[Dataset entries]:
"""

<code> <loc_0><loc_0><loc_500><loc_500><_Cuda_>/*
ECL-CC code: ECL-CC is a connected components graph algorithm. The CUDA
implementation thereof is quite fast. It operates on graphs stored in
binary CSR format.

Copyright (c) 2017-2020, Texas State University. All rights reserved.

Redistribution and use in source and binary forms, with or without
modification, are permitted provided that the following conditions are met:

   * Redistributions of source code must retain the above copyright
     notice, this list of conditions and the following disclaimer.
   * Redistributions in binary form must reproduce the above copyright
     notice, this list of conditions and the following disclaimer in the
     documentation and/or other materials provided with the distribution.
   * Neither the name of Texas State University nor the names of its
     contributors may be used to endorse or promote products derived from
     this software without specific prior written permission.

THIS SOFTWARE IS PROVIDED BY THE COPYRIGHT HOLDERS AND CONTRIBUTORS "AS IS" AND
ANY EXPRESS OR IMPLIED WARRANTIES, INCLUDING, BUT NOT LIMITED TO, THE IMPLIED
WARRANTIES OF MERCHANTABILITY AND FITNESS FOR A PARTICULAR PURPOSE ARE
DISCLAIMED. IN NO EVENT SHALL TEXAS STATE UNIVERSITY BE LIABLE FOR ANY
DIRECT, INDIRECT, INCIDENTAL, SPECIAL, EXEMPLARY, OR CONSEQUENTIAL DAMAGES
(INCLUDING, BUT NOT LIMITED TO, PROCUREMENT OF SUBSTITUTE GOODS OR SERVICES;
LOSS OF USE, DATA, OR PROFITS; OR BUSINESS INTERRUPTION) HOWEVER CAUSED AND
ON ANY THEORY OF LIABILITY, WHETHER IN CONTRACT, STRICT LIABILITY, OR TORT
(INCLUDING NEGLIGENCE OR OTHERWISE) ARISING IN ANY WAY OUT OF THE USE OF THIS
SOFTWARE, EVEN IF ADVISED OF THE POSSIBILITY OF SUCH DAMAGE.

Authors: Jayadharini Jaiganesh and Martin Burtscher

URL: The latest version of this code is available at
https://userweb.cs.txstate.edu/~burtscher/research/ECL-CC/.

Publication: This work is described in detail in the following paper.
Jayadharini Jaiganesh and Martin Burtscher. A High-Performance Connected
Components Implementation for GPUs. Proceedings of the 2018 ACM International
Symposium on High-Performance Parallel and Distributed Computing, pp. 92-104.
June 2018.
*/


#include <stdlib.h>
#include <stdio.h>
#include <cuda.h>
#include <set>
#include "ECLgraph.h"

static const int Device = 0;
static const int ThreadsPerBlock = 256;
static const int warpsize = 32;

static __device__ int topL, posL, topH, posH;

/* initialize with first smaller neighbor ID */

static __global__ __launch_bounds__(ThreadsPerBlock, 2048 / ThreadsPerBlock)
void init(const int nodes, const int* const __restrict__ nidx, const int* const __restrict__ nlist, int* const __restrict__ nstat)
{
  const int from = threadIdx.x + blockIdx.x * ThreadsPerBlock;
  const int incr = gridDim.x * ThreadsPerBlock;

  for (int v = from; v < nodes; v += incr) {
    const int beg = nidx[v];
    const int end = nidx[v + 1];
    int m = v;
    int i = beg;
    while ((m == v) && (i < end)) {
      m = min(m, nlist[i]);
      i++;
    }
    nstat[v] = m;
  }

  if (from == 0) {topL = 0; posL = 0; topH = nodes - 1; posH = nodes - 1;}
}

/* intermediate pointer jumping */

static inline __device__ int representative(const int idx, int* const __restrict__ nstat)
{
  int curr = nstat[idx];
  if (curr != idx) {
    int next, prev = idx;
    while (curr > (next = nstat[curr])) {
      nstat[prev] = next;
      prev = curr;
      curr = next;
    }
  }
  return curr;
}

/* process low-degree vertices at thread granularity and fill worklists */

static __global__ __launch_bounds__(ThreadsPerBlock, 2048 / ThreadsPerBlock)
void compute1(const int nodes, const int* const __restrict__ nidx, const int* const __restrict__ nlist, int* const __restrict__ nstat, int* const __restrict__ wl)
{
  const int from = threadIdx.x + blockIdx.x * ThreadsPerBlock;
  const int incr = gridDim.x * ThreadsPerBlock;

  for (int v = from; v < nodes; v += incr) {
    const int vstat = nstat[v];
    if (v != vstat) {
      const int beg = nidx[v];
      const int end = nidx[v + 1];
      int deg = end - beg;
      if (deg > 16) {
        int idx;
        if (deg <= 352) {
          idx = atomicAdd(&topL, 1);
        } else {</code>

"""

[Exercise goal]: What lines above hold the word "Redistributions"? List them all.

[Output below]:
   * Redistributions of source code must retain the above copyright
   * Redistributions in binary form must reproduce the above copyright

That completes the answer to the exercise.